The following is a sample code showing how to use NEST to generate the above aggregation query statement:

var searchResponse = client.Search<Document>(s => s
    .Aggregations(a => a
        .Filters("group", f => f
            .NamedFilters(flt => flt
                .Filter("pendingCount", q => q
                    .Match(m => m
                        .Field("dataBody.status")
                        .Query("0")
                    )
                )
                .Filter("storedingCount", q => q
                    .Match(m => m
                        .Field("dataBody.status")
                        .Query("1")
                    )
                )
                .Filter("finishedCount", q => q
                    .Match(m => m
                        .Field("dataBody.status")
                        .Query("2")
                    )
                )
                .Filter("closedCount", q => q
                    .Match(m => m
                        .Field("dataBody.status")
                        .Query("3")
                    )
                )
                .Filter("thisMonthCount", q => q
                    .DateRange(dr => dr
                        .Field("dataBody.creationTime")
                        .GreaterThanOrEquals("2023-11-03")
                    )
                )
            )
        )
    )
);

In the above code, we use the Filters method to create an AggregationContainer object and add multiple filter conditions.
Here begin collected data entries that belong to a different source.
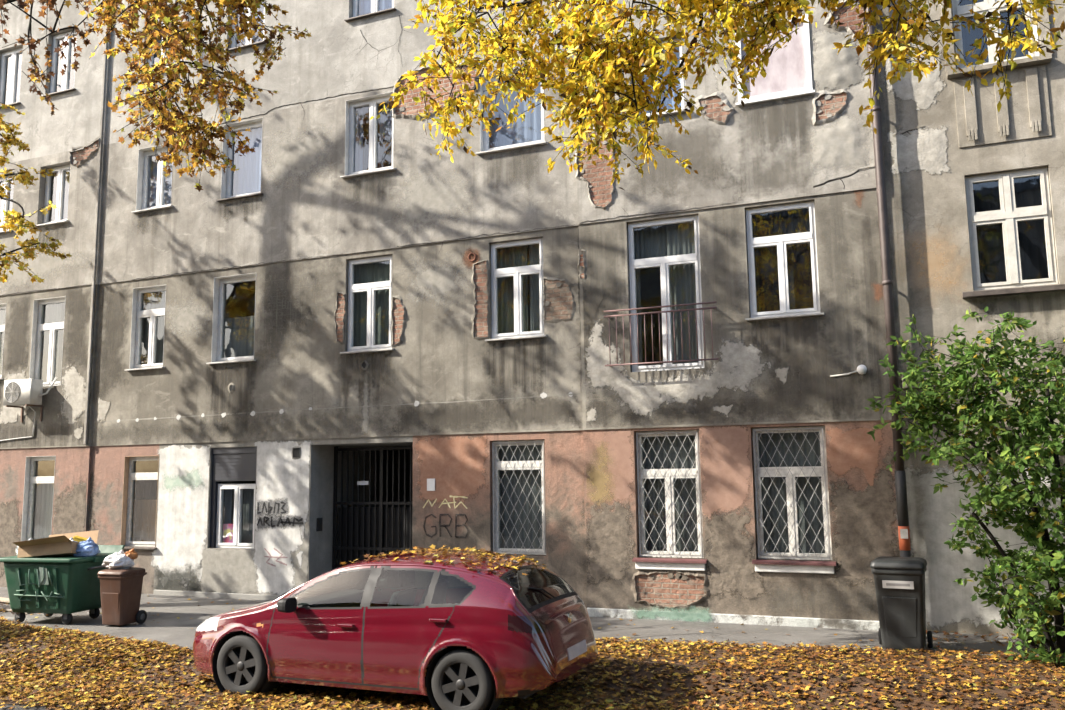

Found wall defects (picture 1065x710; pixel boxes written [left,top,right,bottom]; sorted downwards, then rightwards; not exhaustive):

spalling [824,0,866,44]
crack [215,15,411,125]
spalling [392,61,480,120]
flaking render [884,43,946,111]
spalling [574,127,617,210]
crack [813,165,875,195]
flaking render [887,126,951,175]
spalling [391,259,490,347]
damp [212,364,255,419]
damp [488,341,544,387]
peeling [151,444,210,589]
peeling [581,425,771,611]

Each filter condition is added through the Filter method, and the Match or DateRange method is used to specify the fields and query conditions.
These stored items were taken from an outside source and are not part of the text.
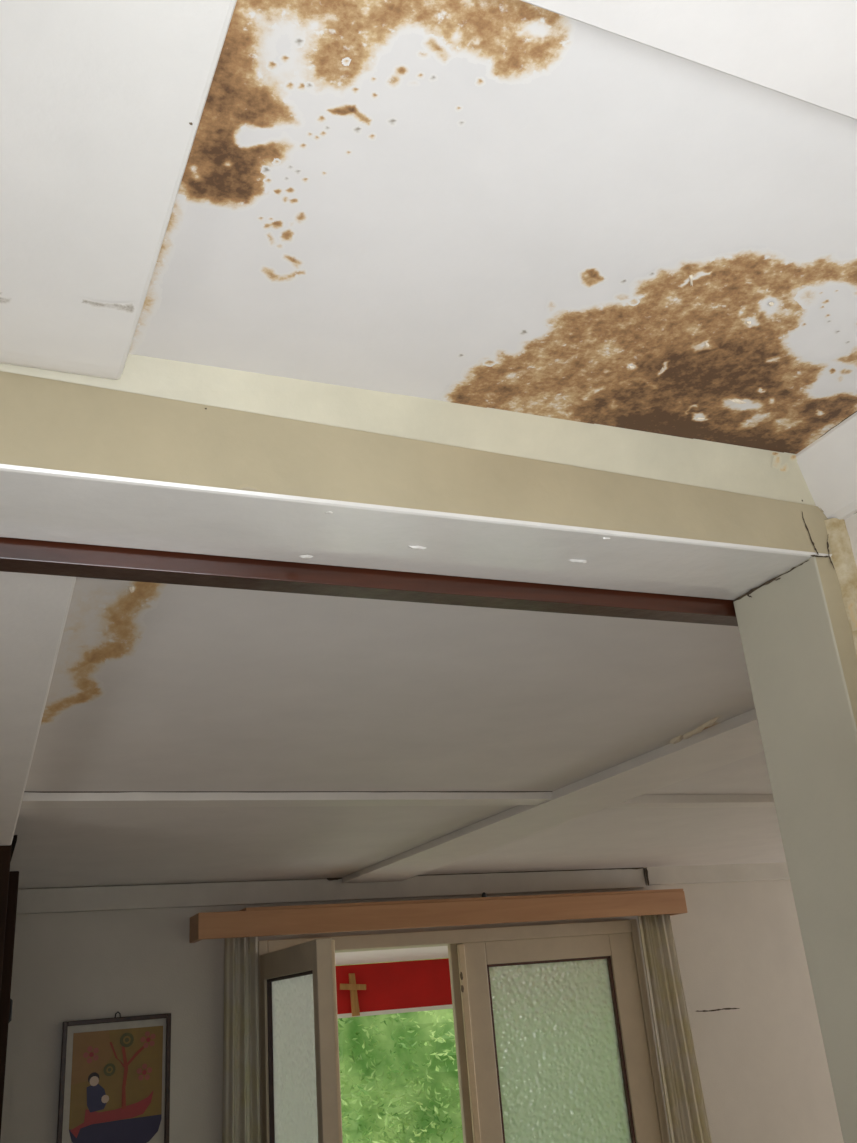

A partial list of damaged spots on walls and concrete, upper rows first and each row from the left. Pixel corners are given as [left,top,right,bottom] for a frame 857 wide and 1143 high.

water stain [128,0,578,355]
water stain [440,247,857,472]
crack [733,512,834,602]
water stain [40,579,167,727]
crack [696,1006,740,1014]
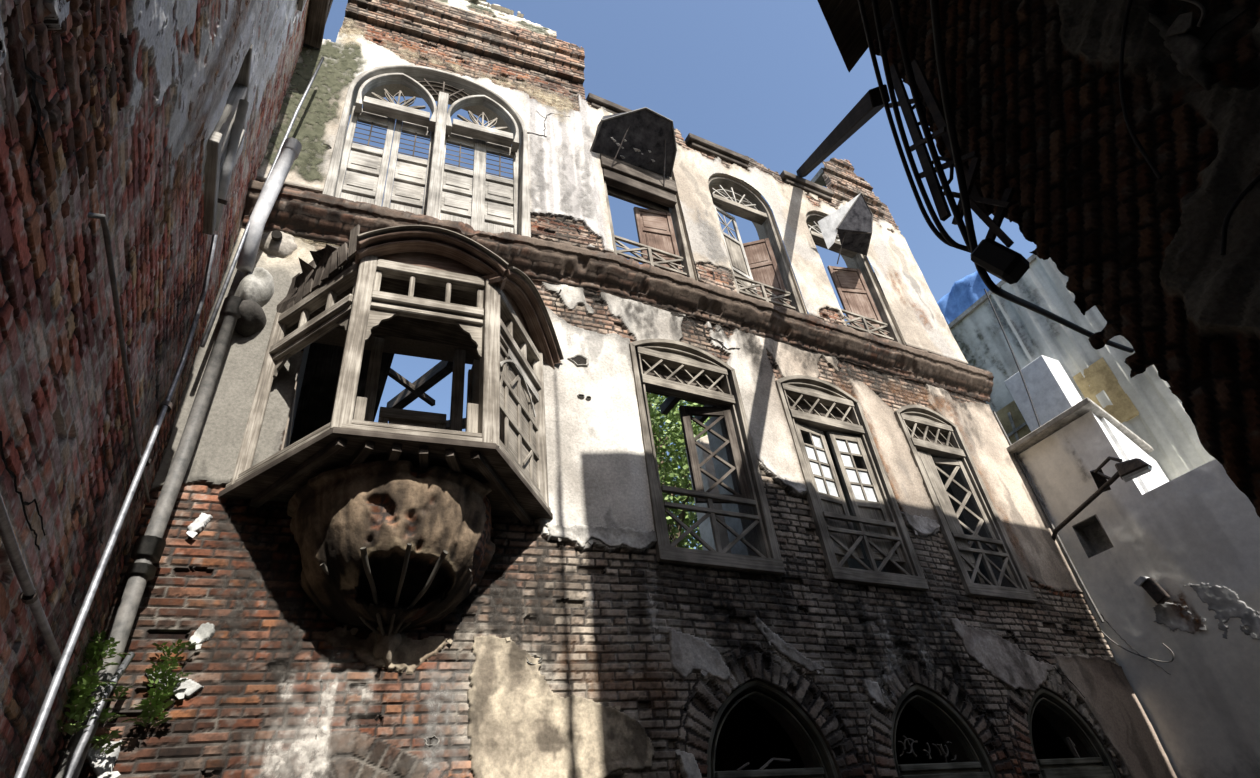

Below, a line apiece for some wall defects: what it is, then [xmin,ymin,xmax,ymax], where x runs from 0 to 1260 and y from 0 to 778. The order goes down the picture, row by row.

spalling [0,0,133,240]
water stain [303,142,327,181]
peeling [186,513,213,538]
peeling [545,521,657,550]
peeling [1153,582,1260,640]
peeling [189,622,216,650]
peeling [319,625,453,674]
peeling [668,630,734,682]
peeling [948,618,1054,692]
peeling [145,672,204,699]
peeling [467,635,655,778]
peeling [87,740,123,778]

Please note that the above example uses a class named Document to represent the document. You need to replace it according to your own data structure. At the same time, you need to replace the dataBody.status and dataBody.creationTime fields in the example according to the actual field names.

Get the value in the aggregation result

To get the value in the aggregation result queried using the above code, you can use the Aggregations property of the AggregationContainer class to access the aggregation result. The aggregate name can then be used to obtain specific aggregate results.
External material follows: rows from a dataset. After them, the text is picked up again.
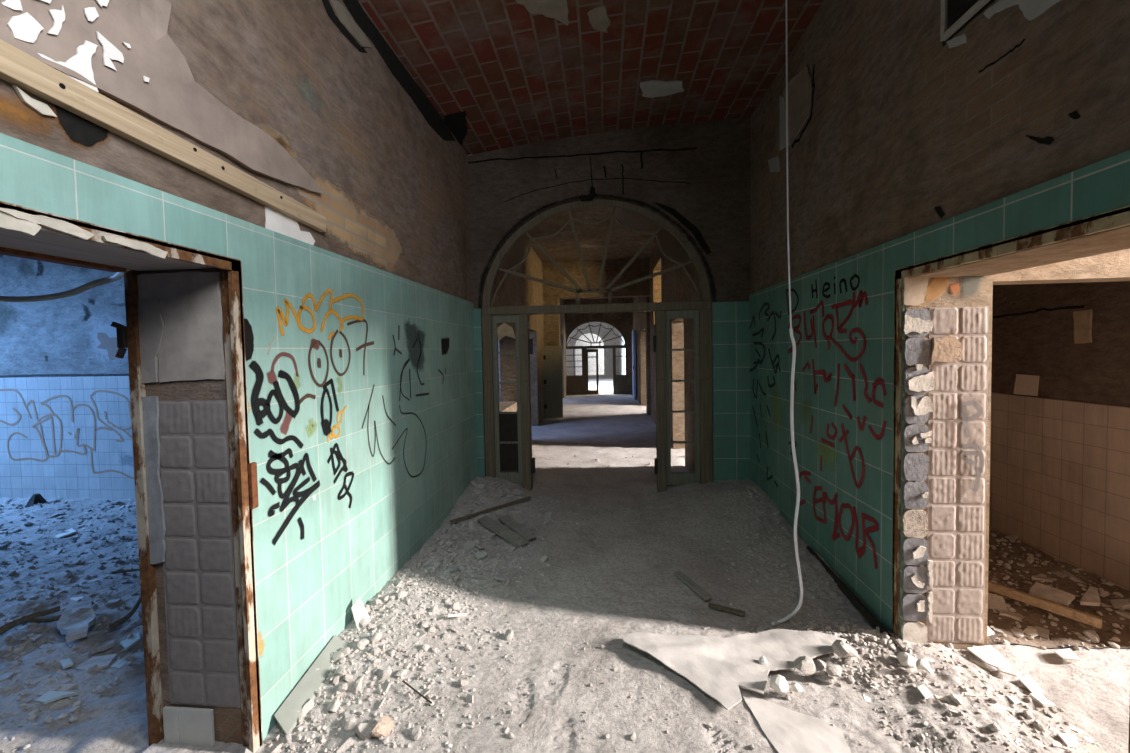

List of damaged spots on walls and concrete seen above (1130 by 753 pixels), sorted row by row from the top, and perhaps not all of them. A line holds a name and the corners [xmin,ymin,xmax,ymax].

flaking render [0,0,403,274]
peeling [946,33,967,49]
peeling [983,0,1061,21]
spalling [92,321,121,361]
peeling [137,271,241,708]
peeling [901,306,989,644]

Here is a sample code that shows how to get the value in the aggregate result and access it based on the field name:

var groupAggregation = searchResponse.Aggregations.Filters("group");

var pendingCount = groupAggregation.Buckets["pendingCount"].DocCount;
var storingCount = groupAggregation.Buckets["storingCount"].DocCount;
var finishedCount = groupAggregation.Buckets["finishedCount"].DocCount;
var closedCount = groupAggregation.Buckets["closedCount"].DocCount;
var thisMonthCount = groupAggregation.Buckets["thisMonthCount"].DocCount;

// or as follows
var pendingCount = ((SingleBucketAggregate)groupAggregation["pendingCount"]).DocCount;
var storingCount = ((SingleBucketAggregate)groupAggregation["storedingCount"]).DocCount;
var finishedCount = ((SingleBucketAggregate)groupAggregation["finishedCount"]).DocCount;
var closedCount = ((SingleBucketAggregate)groupAggregation["closedCount"]).DocCount;
var thisMonthCount = ((SingleBucketAggregate)groupAggregation["thisMonthCount"]).DocCount;

In the above code, we first use the Aggregations attribute to get the aggregation results, and then use the Filters method to get the aggregate named “group”. Next, we can get the results of each filter condition by accessing the Buckets property of the aggregated result. Using the aggregation name as the key, you can directly access the DocCount property of the aggregation result to get the number of matching documents.

Note that the type of aggregate results may be different depending on the type of aggregation you use in the query. The above example assumes that the aggregation result is a FiltersAggregation type. You may need to perform appropriate type conversions based on the actual aggregation type.